Mensaje por Eileen1 el Sáb Nov 03, 2018 8:33 am

Eileen
Cleric
Quieras o no, una vez has creado lazos con otras personas, éstos jamás desaparecen.

Datos
Nombre: Eileen.

Edad:19 años.

Clase: Cleric.

Especialización: Bastón.

Afiliación: Islas de Durban.

Ocupación: Curandera.

Personalidad
Una persona cuya sonrisa se dice que rivaliza con el mismo sol; Eileen es alguien que no actúa por maldad alguna. Sus ojos prefieren ver la bondad ajena antes que cualquier otra cualidad. ¿Por qué a todos no se nos da el beneficio de la duda? Sin embargo no es tonta, ¡en absoluto! Pregunta antes de hacerse ideas. No se deja llevar por las apariencias claro está, pero siempre debe aclarar sus dudas para saber con quién trata. ¿Y si son piratas? ¿Y si realmente no debiera estar en ese lugar? Se ha metido en líos por cosas así, por no ser capaz de leer tan bien el ambiente como se debe. Eileen no está hecha para las maquinaciones de la corte ni para las tribulaciones de un mundo de alta clase. ¿Qué piensan esa clase de personas, por favor? Tienen un mundo interior demasiado basto comparado con el de ella. Una chiquilla que se limita a ayudar a los demás a pesar de que sea un poco torpe en su día a día, a aligerar la carga que llevan los demás a la espalda. Rodeada de tanto conflicto desea ser un remanso de paz al que puedan regresar.

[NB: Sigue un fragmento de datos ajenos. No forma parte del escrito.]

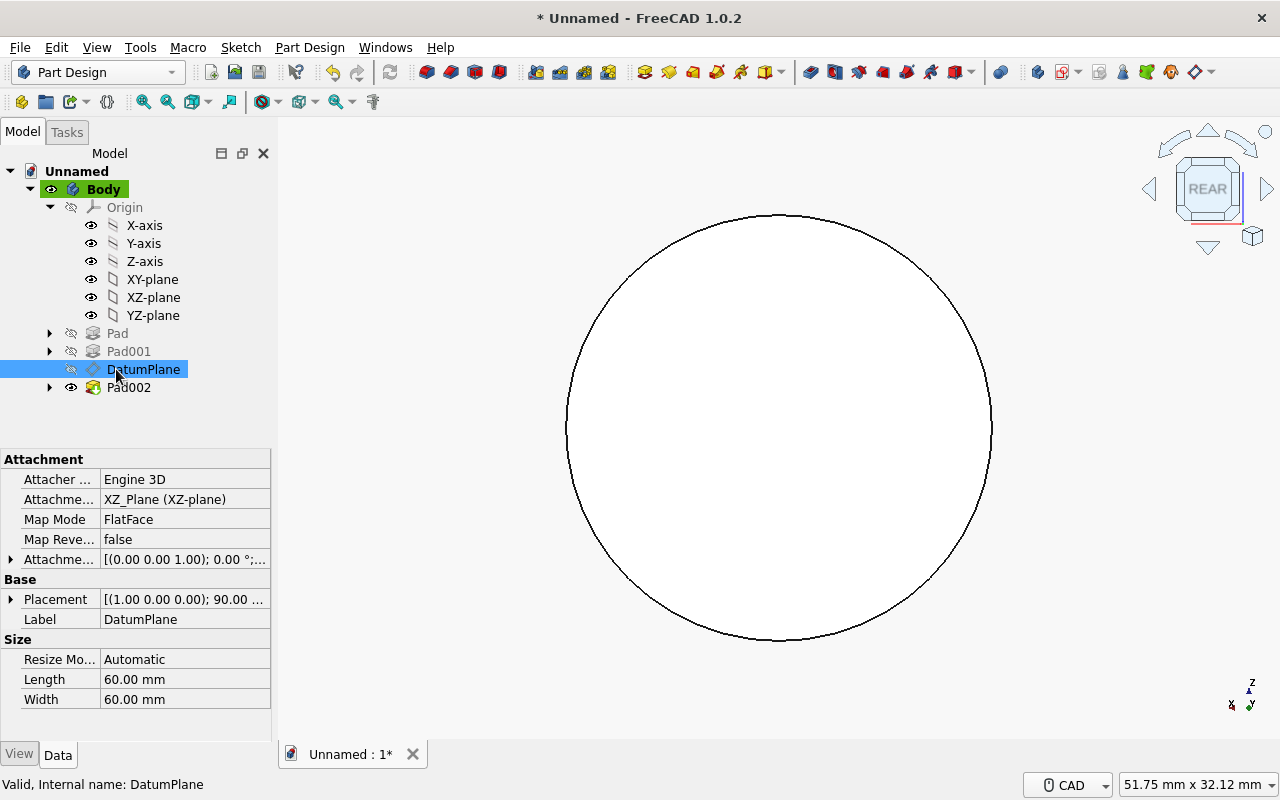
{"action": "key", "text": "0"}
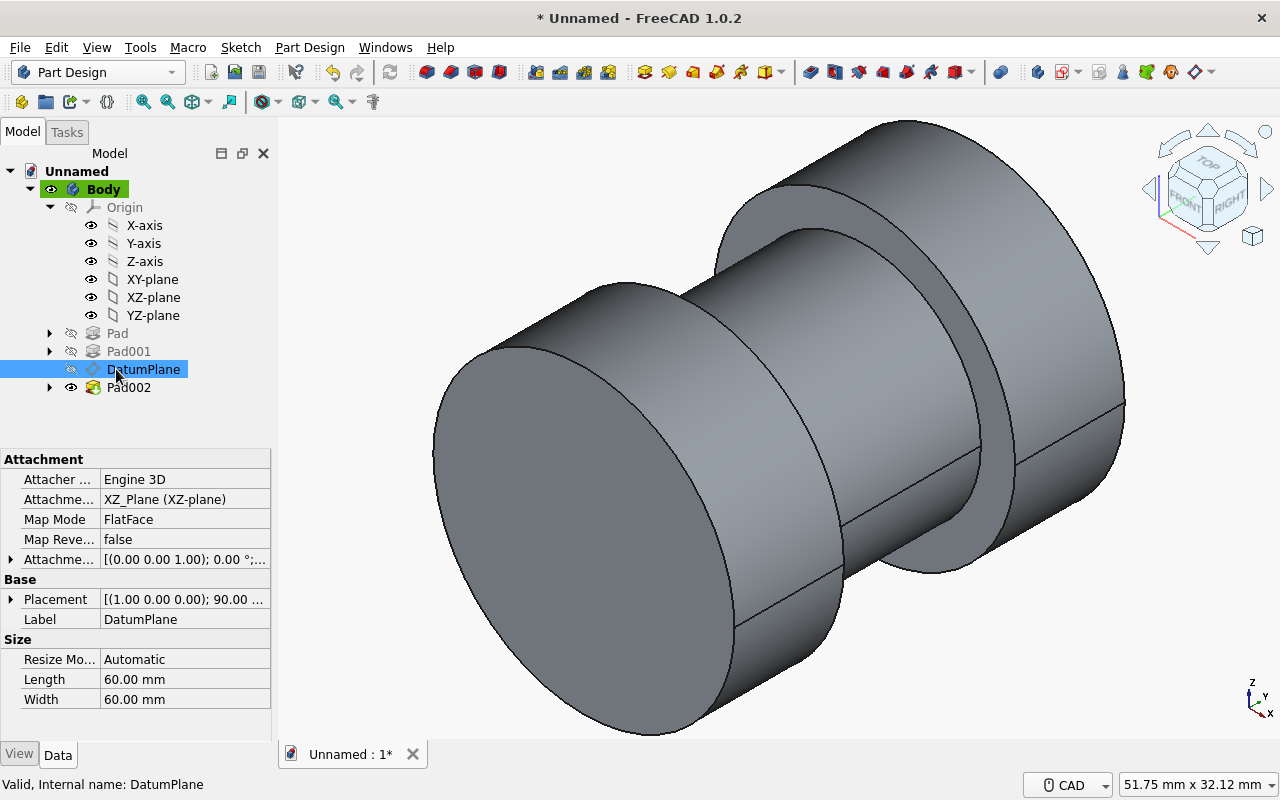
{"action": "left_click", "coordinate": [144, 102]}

Una muchacha risueña, sin duda. Intenta sacar todo lado positivo de la peor de las catástrofes, optimista. No significa que tenga sus días malos en los que quedarse en casa o disfrutar de un día a solas no le venga mal. Una voluntad férrea, inculcada desde que tiene memoria. Aprendió a no rendirse ante las adversidades, a seguir caminando. No es una chica que haga planes visionarios ni sepa todas las soluciones a los problemas, mas pondrá todo su esfuerzo para colaborar. Sus buenas intenciones son las que se han ganado el aprecio de los que la rodean, aunque su inocencia probablemente sea otro de los motivos por los que sea una víctima fácil para estafas o robos. Intenta mantener una mente fría en las conversaciones mas es una joven que no puede evitar que las emociones se crucen en su camino. Dedicada a la tarea que tenga entre manos, puedes confiar en que la va a cumplir, o por lo menos se dejará la piel en ello. Ha sido muy criticada por el sobreesfuerzo que realiza, mas no ha hecho demasiado caso a estas advertencias.

Aun si parece muy despistada, Eileen es una joven con un basto mundo interior. Empática, curiosa, llena de imaginación y de vida. Muchas veces se mete en problemas que no le incumben, uno de sus más alegados defectos. A pesar de haber sido criada en un ámbito religioso, para ella aunque la idea de un Dios no es descabellada prefiere no ponerle nombre ni cara como otros muchos cultos que se extienden por el mundo. Siendo una de millones, ¿exactamente por qué le iba a responder a Eileen? No una pregunta con rencor ni mucho menos. Ésto siempre le ha llevado a esforzarse a mejorar, a intentar no depender de que ocurra o no un milagro -incluso si la magia en cierta forma lo es-. Sin embargo, el poder de creer es suficientemente poderoso para hacer que la gente se mueva, para que ella lo haga, lo que reconforta su corazón enormemente.  

Historia del personaje
La nieve se deshacía entre sus cálidos dedos, la nieve cediendo bajo sus pies. Aquella mañana Eileen se despediría de sus padres. ¿Por qué?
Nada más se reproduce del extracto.